According to information we heard from multiple sources, NVIDIA recently started to open out and disclose design targets for their first "CPU" i.e. SoC codenamed "Project Denver". As always, take this rumors with a grain of salt.
The information we have at hand is that Project Denver CPU core is looking to be very much aligned with T40, i.e. "Tegra 4" i.e. Wayne. According to internal schedule, Wayne silicon is going to be taped out in the next couple of weeks, with developers getting their hands on prototype silicon in December 2011.Wayne silicon is consisted out of four ARM cores (NVIDIA is not disclosing the core type, teasing that it might be either A15 or PD) and up to 64 GPU cores.
During the same month (December 2011), NVIDIA plans to tape out the first silicon based on Project Denver, which combines up to 8-core custom NVIDIA-ARM 64-bit CPU with a GeForce 600-class GPU. The company had a lot of issues in development of a CPU and the general consensus is that NVIDIA is take a conservative approach with a single 28nm PD CPU design and the 28nm Fermi-based design, i.e. the rumored Fermi-refresh in the form of notebook and lower-end desktop GeForce 600 Series cards (remember "GeForce 300"?). The interesting bit that we heard is that Project Denver is geared towards "full PhysX support", whatever that might be.

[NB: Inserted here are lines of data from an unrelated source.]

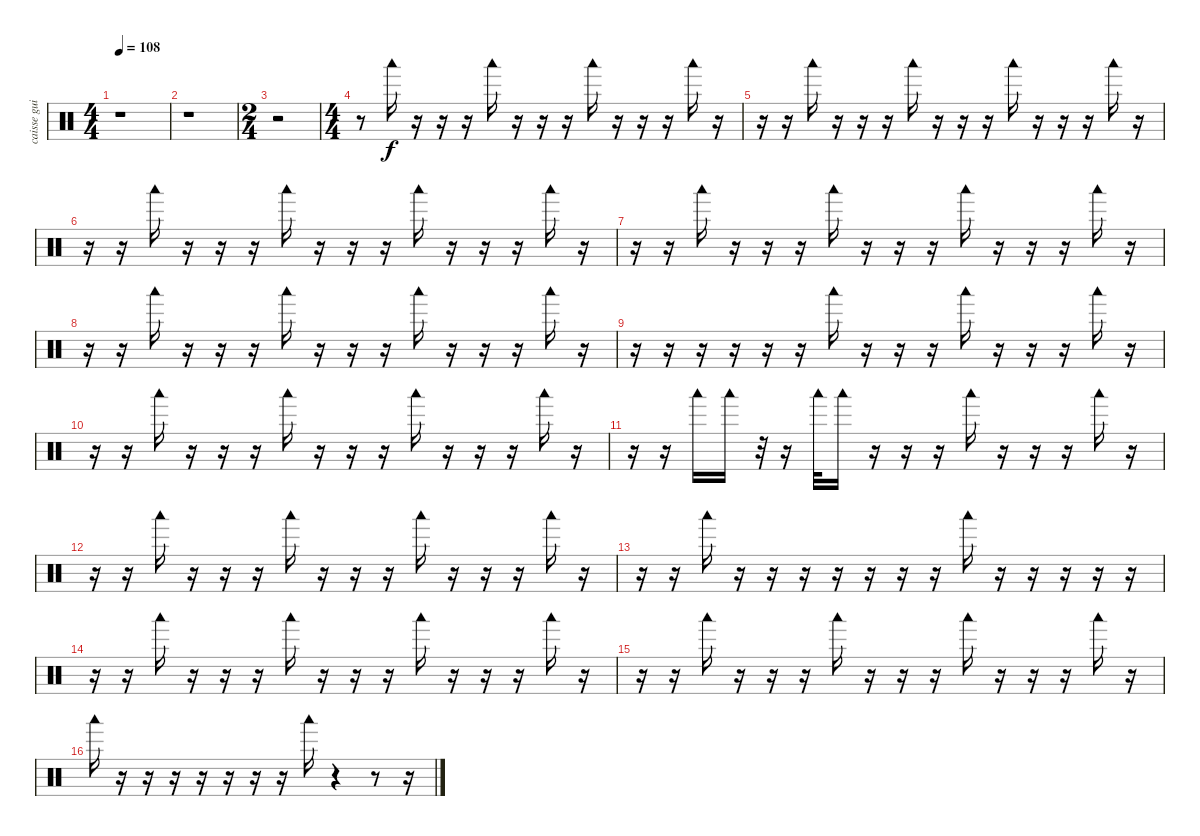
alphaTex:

\track ("caisse guitare Di Meola" "caisse gui") {instrument percussion}
\staff {score}
\articulation defaults
\ts (4 4)
\tempo 108
\clef neutral
\ks c
r.1{dy f} |
r.1 |
\ts (2 4)
r.2 |
\ts (4 4)
r.8 "Woodblock low (hit)".16 r.16 r.16 r.16 "Woodblock low (hit)".16 r.16 r.16 r.16 "Woodblock low (hit)".16 r.16 r.16 r.16 "Woodblock low (hit)".16 r.16 |
r.16 r.16 "Woodblock low (hit)".16 r.16 r.16 r.16 "Woodblock low (hit)".16 r.16 r.16 r.16 "Woodblock low (hit)".16 r.16 r.16 r.16 "Woodblock low (hit)".16 r.16 |
r.16 r.16 "Woodblock low (hit)".16 r.16 r.16 r.16 "Woodblock low (hit)".16 r.16 r.16 r.16 "Woodblock low (hit)".16 r.16 r.16 r.16 "Woodblock low (hit)".16 r.16 |
r.16 r.16 "Woodblock low (hit)".16 r.16 r.16 r.16 "Woodblock low (hit)".16 r.16 r.16 r.16 "Woodblock low (hit)".16 r.16 r.16 r.16 "Woodblock low (hit)".16 r.16 |
r.16 r.16 "Woodblock low (hit)".16 r.16 r.16 r.16 "Woodblock low (hit)".16 r.16 r.16 r.16 "Woodblock low (hit)".16 r.16 r.16 r.16 "Woodblock low (hit)".16 r.16 |
r.16 r.16 r.16 r.16 r.16 r.16 "Woodblock low (hit)".16 r.16 r.16 r.16 "Woodblock low (hit)".16 r.16 r.16 r.16 "Woodblock low (hit)".16 r.16 |
r.16 r.16 "Woodblock low (hit)".16 r.16 r.16 r.16 "Woodblock low (hit)".16 r.16 r.16 r.16 "Woodblock low (hit)".16 r.16 r.16 r.16 "Woodblock low (hit)".16 r.16 |
r.16 r.16 "Woodblock low (hit)".16 "Woodblock low (hit)".16 r.32 r.16 "Woodblock low (hit)".32 "Woodblock low (hit)".16 r.16 r.16 r.16 "Woodblock low (hit)".16 r.16 r.16 r.16 "Woodblock low (hit)".16 r.16 |
r.16 r.16 "Woodblock low (hit)".16 r.16 r.16 r.16 "Woodblock low (hit)".16 r.16 r.16 r.16 "Woodblock low (hit)".16 r.16 r.16 r.16 "Woodblock low (hit)".16 r.16 |
r.16 r.16 "Woodblock low (hit)".16 r.16 r.16 r.16 r.16 r.16 r.16 r.16 "Woodblock low (hit)".16 r.16 r.16 r.16 r.16 r.16 |
r.16 r.16 "Woodblock low (hit)".16 r.16 r.16 r.16 "Woodblock low (hit)".16 r.16 r.16 r.16 "Woodblock low (hit)".16 r.16 r.16 r.16 "Woodblock low (hit)".16 r.16 |
r.16 r.16 "Woodblock low (hit)".16 r.16 r.16 r.16 "Woodblock low (hit)".16 r.16 r.16 r.16 "Woodblock low (hit)".16 r.16 r.16 r.16 "Woodblock low (hit)".16 r.16 |
"Woodblock low (hit)".16 r.16 r.16 r.16 r.16 r.16 r.16 r.16 "Woodblock low (hit)".16 r.4 r.8 r.16
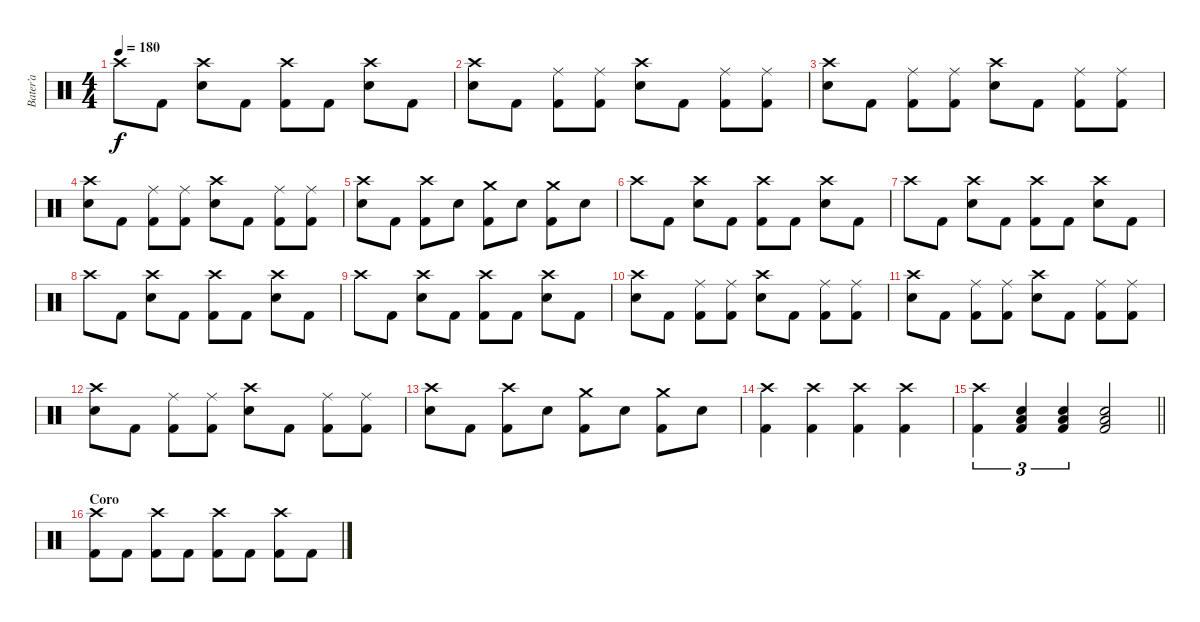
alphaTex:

\track ("Bater’a" "Bater’a") {instrument percussion bank 211}
\staff {score}
\articulation defaults
\ts (4 4)
\tempo 180
\clef neutral
\ks c "Crash high (hit)".8{dy f} "Kick (hit) 2".8
("Crash high (hit)" "Electric Snare (hit)").8 "Kick (hit) 2".8 ("Crash high (hit)" "Kick (hit) 2").8 "Kick (hit) 2".8 ("Crash high (hit)" "Electric Snare (hit)").8 "Kick (hit) 2".8 |
("Crash high (hit)" "Electric Snare (hit)").8 "Kick (hit) 2".8 ("Ride (middle)" "Kick (hit) 2").8 ("Ride (middle)" "Kick (hit) 2").8 ("Crash high (hit)" "Electric Snare (hit)").8 "Kick (hit) 2".8 ("Ride (middle)" "Kick (hit) 2").8 ("Ride (middle)" "Kick (hit) 2").8 |
("Crash high (hit)" "Electric Snare (hit)").8 "Kick (hit) 2".8 ("Ride (middle)" "Kick (hit) 2").8 ("Ride (middle)" "Kick (hit) 2").8 ("Crash high (hit)" "Electric Snare (hit)").8 "Kick (hit) 2".8 ("Ride (middle)" "Kick (hit) 2").8 ("Ride (middle)" "Kick (hit) 2").8 |
("Crash high (hit)" "Electric Snare (hit)").8 "Kick (hit) 2".8 ("Ride (middle)" "Kick (hit) 2").8 ("Ride (middle)" "Kick (hit) 2").8 ("Crash high (hit)" "Electric Snare (hit)").8 "Kick (hit) 2".8 ("Ride (middle)" "Kick (hit) 2").8 ("Ride (middle)" "Kick (hit) 2").8 |
("Crash high (hit)" "Electric Snare (hit)").8 "Kick (hit) 2".8 ("Crash high (hit)" "Kick (hit) 2").8 "Electric Snare (hit)".8 ("Crash medium (hit)" "Kick (hit) 2").8 "Electric Snare (hit)".8 ("Crash medium (hit)" "Kick (hit) 2").8 "Electric Snare (hit)".8 |
"Crash high (hit)".8 "Kick (hit) 2".8 ("Crash high (hit)" "Electric Snare (hit)").8 "Kick (hit) 2".8 ("Crash high (hit)" "Kick (hit) 2").8 "Kick (hit) 2".8 ("Crash high (hit)" "Electric Snare (hit)").8 "Kick (hit) 2".8 |
"Crash high (hit)".8 "Kick (hit) 2".8 ("Crash high (hit)" "Electric Snare (hit)").8 "Kick (hit) 2".8 ("Crash high (hit)" "Kick (hit) 2").8 "Kick (hit) 2".8 ("Crash high (hit)" "Electric Snare (hit)").8 "Kick (hit) 2".8 |
"Crash high (hit)".8 "Kick (hit) 2".8 ("Crash high (hit)" "Electric Snare (hit)").8 "Kick (hit) 2".8 ("Crash high (hit)" "Kick (hit) 2").8 "Kick (hit) 2".8 ("Crash high (hit)" "Electric Snare (hit)").8 "Kick (hit) 2".8 |
"Crash high (hit)".8 "Kick (hit) 2".8 ("Crash high (hit)" "Electric Snare (hit)").8 "Kick (hit) 2".8 ("Crash high (hit)" "Kick (hit) 2").8 "Kick (hit) 2".8 ("Crash high (hit)" "Electric Snare (hit)").8 "Kick (hit) 2".8 |
("Crash high (hit)" "Electric Snare (hit)").8 "Kick (hit) 2".8 ("Ride (middle)" "Kick (hit) 2").8 ("Ride (middle)" "Kick (hit) 2").8 ("Crash high (hit)" "Electric Snare (hit)").8 "Kick (hit) 2".8 ("Ride (middle)" "Kick (hit) 2").8 ("Ride (middle)" "Kick (hit) 2").8 |
("Crash high (hit)" "Electric Snare (hit)").8 "Kick (hit) 2".8 ("Ride (middle)" "Kick (hit) 2").8 ("Ride (middle)" "Kick (hit) 2").8 ("Crash high (hit)" "Electric Snare (hit)").8 "Kick (hit) 2".8 ("Ride (middle)" "Kick (hit) 2").8 ("Ride (middle)" "Kick (hit) 2").8 |
("Crash high (hit)" "Electric Snare (hit)").8 "Kick (hit) 2".8 ("Ride (middle)" "Kick (hit) 2").8 ("Ride (middle)" "Kick (hit) 2").8 ("Crash high (hit)" "Electric Snare (hit)").8 "Kick (hit) 2".8 ("Ride (middle)" "Kick (hit) 2").8 ("Ride (middle)" "Kick (hit) 2").8 |
("Crash high (hit)" "Electric Snare (hit)").8 "Kick (hit) 2".8 ("Crash high (hit)" "Kick (hit) 2").8 "Electric Snare (hit)".8 ("Crash medium (hit)" "Kick (hit) 2").8 "Electric Snare (hit)".8 ("Crash medium (hit)" "Kick (hit) 2").8 "Electric Snare (hit)".8 |
("Crash high (hit)" "Kick (hit) 2").4 ("Crash high (hit)" "Kick (hit) 2").4 ("Crash high (hit)" "Kick (hit) 2").4 ("Crash high (hit)" "Kick (hit) 2").4 |
\barLineRight lightlight
("Crash high (hit)" "Kick (hit) 2").4{tu (3 2)} ("Electric Snare (hit)" "Low Floor Tom (hit)" "Kick (hit) 2").4{tu (3 2)} ("Electric Snare (hit)" "Low Floor Tom (hit)" "Kick (hit) 2").4{tu (3 2)} ("Electric Snare (hit)" "Low Floor Tom (hit)" "Kick (hit) 2").2 |
\section ("" "Coro")
("Crash high (hit)" "Kick (hit) 2").8 "Kick (hit) 2".8 ("Crash high (hit)" "Kick (hit) 2").8 "Kick (hit) 2".8 ("Crash high (hit)" "Kick (hit) 2").8 "Kick (hit) 2".8 ("Crash high (hit)" "Kick (hit) 2").8 "Kick (hit) 2".8

According to another source close to the subject, target for GPU part of the silicon is "at least 256 CUDA cores" which would put the product on pair with AMD’s Trinity APU which will pair a Bulldozer-Enhanced CPU core with "Northern Islands" VLIW4 architecture and will be the key APU for AMD in 2012. Compute power-wise, NVIDIA doesn’t want to clock it to heavens’ high, but rather to squeeze each IPC (Instruction Per Clock) as possible. Still, it is realistic to expect 2.0-2.5GHz for CPU and similar clock for the GPU part, with memory controller and the rest of the silicon working at a lower rate to keep everything well fed.
Unlike AMD’s APU design, where CPU and GPU parts connect to the memory controller at the speed of DDR3 memory, Project Denver is looking for a more direct communication between CPU and GPU cores, i.e. relying on the best GPU design can offer: high-bandwidth connection. NVIDIA is not taking the conventional route with L1, L2 and L3 cache design, since the GPUs have 1TB/s+ connections to its cache memory, similar approach is rumored for Denver core design as well. Just like in the GPUs, memory controller takes the larger portion of the die and connects CUDA cores with CPU cores and CPU will have priority access to the bandwidth needed.
However, NVIDIA needs only 10-20% of the total bandwidth available for the CPU portion, keeping the GPU well fed with system memory.
The design for the motherboards for notebooks, desktops and servers is also under way, with PCIe 3.0 being touted as the main connectivity feature, alongside USB 3.0 and SATA 6Gbps. According to the information given, nV is going to attack all remaining fronts – light notebooks will be covered by lower-scaled Tegra 3 and 4 (smartphone/tablet/netbook/t’n’l notebooks), more powerful silicon will be used for lighter-use notebooks and desktops, while the server play is probably the most interesting strategy.
From one side, within one generation of PD CPU designs, NV wants to enter the blade market and offer a powerful GPU, but from another, the company wants to get rid of the demands for Intel or AMD x86 cores in their Tesla business (one Tesla GPGPU requires one x86 CPU – Xeon or Opteron for "feeding"). Removing X86 from that equation will significantly boost the profit outlook, just like AMD and Intel are enjoying charging an arm and a leg for the same silicon used in their desktop/notebook computers.